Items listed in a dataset
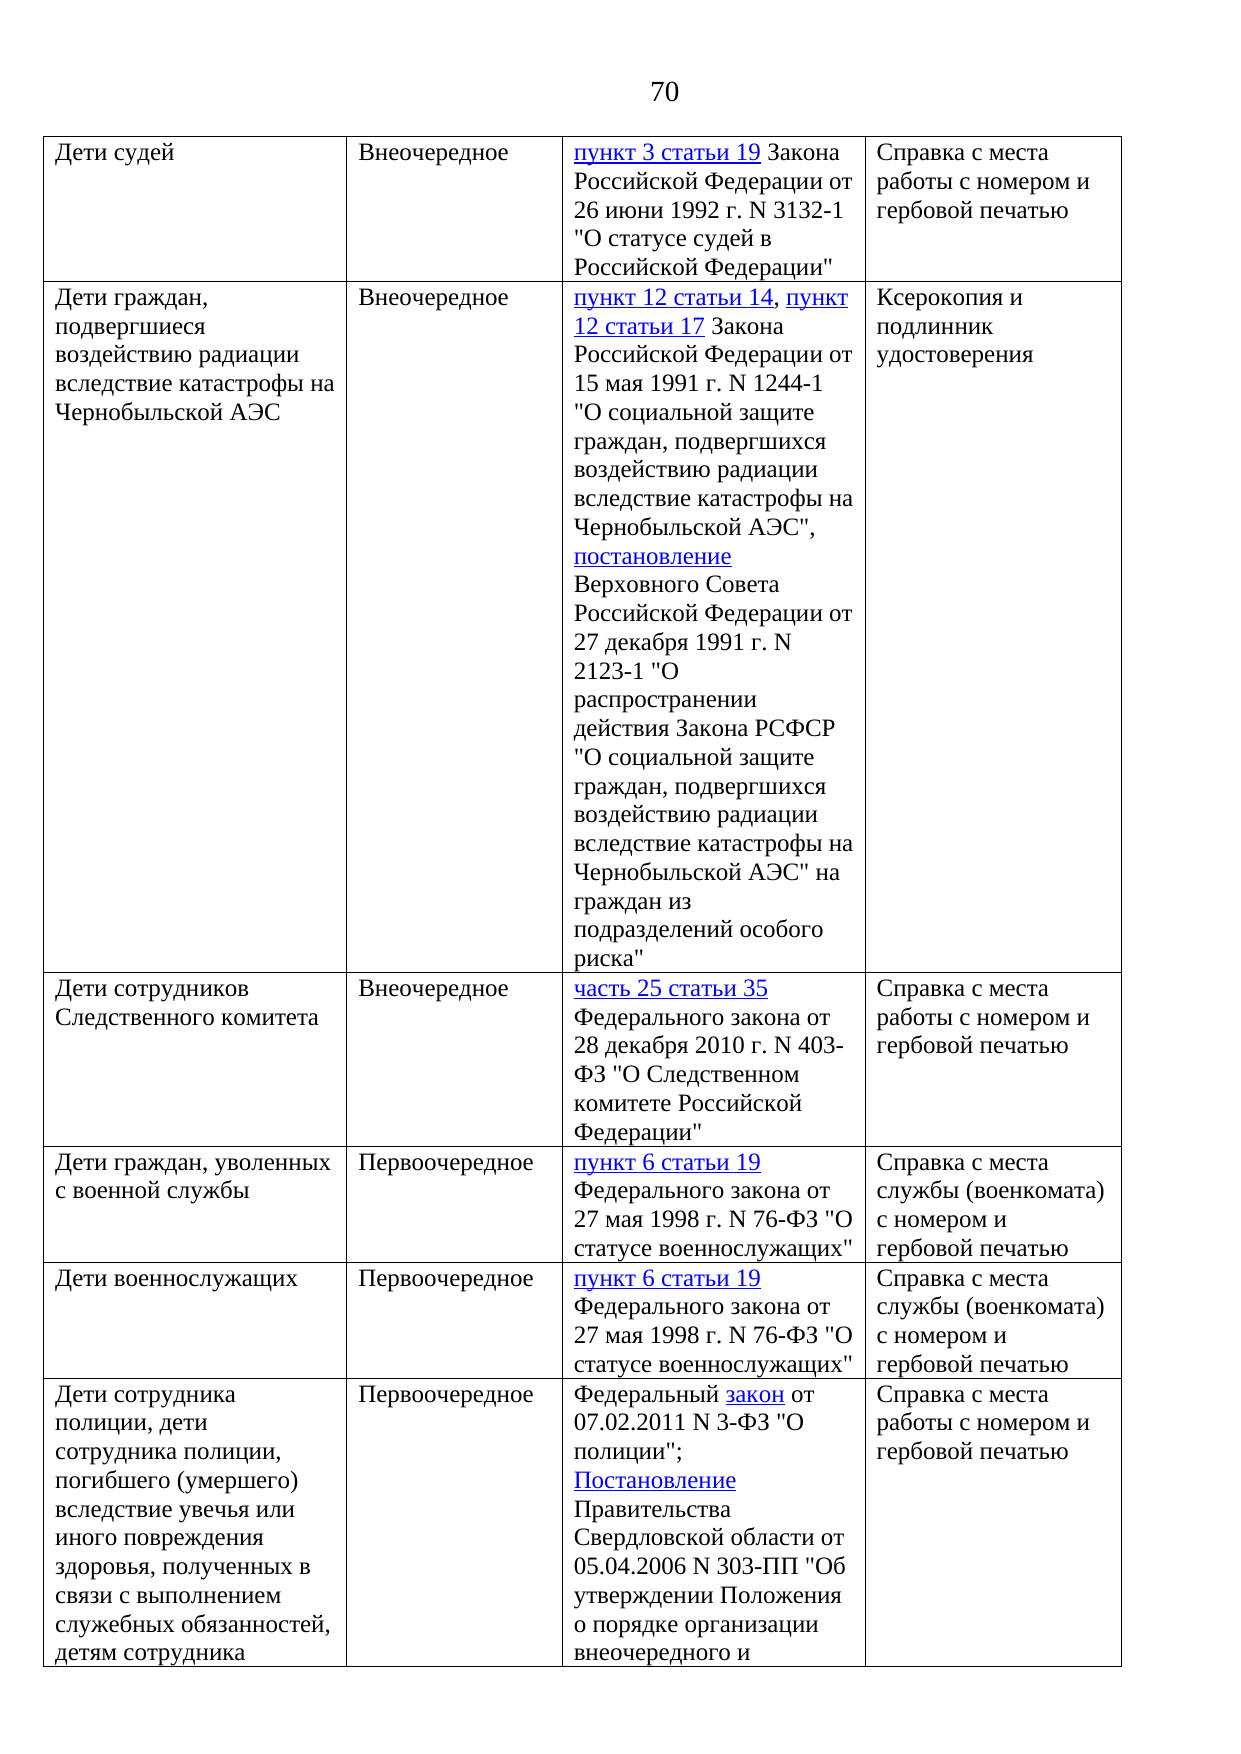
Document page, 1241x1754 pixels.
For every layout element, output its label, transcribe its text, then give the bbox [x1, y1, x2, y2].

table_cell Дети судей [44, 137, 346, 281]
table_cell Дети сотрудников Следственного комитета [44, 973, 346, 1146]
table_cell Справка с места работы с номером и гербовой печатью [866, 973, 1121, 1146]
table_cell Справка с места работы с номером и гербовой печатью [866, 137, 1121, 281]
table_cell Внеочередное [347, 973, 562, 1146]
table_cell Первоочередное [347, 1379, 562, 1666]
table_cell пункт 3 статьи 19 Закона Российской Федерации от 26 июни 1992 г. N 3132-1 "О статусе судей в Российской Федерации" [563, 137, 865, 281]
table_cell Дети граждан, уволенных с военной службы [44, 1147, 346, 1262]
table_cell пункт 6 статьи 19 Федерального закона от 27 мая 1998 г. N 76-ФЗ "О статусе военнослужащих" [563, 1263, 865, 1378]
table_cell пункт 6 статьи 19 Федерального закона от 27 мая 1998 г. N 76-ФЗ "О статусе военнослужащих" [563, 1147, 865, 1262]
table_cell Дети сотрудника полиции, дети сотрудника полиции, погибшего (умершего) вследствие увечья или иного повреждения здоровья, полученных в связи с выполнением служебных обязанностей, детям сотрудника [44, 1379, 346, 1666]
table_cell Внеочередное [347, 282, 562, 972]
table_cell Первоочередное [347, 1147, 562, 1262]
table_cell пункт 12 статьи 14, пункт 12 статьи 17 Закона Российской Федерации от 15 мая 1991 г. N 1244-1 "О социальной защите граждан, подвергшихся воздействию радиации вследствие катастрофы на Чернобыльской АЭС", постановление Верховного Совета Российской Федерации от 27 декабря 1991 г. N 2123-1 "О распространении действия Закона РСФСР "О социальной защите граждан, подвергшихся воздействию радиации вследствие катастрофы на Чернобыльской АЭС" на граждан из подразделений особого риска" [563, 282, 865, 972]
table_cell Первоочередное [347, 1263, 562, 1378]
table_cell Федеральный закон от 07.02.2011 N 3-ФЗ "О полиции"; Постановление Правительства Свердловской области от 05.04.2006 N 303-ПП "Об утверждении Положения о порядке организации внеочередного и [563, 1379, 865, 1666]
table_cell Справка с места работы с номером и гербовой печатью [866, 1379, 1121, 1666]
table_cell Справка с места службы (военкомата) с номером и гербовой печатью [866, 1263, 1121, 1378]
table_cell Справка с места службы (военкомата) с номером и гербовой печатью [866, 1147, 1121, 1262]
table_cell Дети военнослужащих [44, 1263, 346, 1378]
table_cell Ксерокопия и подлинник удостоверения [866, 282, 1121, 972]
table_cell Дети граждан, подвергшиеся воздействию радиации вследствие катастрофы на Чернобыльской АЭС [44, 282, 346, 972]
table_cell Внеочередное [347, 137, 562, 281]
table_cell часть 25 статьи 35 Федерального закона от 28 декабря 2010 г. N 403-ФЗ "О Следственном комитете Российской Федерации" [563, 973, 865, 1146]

**What needs to be done:**
Print the lines of the entries, exactly, from the one containing "1147, 1121, 1262]" down to the final line, and leave out all the others.

**Solution to the exercise:**
table_cell Справка с места службы (военкомата) с номером и гербовой печатью [866, 1147, 1121, 1262]
table_cell Дети военнослужащих [44, 1263, 346, 1378]
table_cell Ксерокопия и подлинник удостоверения [866, 282, 1121, 972]
table_cell Дети граждан, подвергшиеся воздействию радиации вследствие катастрофы на Чернобыльской АЭС [44, 282, 346, 972]
table_cell Внеочередное [347, 137, 562, 281]
table_cell часть 25 статьи 35 Федерального закона от 28 декабря 2010 г. N 403-ФЗ "О Следственном комитете Российской Федерации" [563, 973, 865, 1146]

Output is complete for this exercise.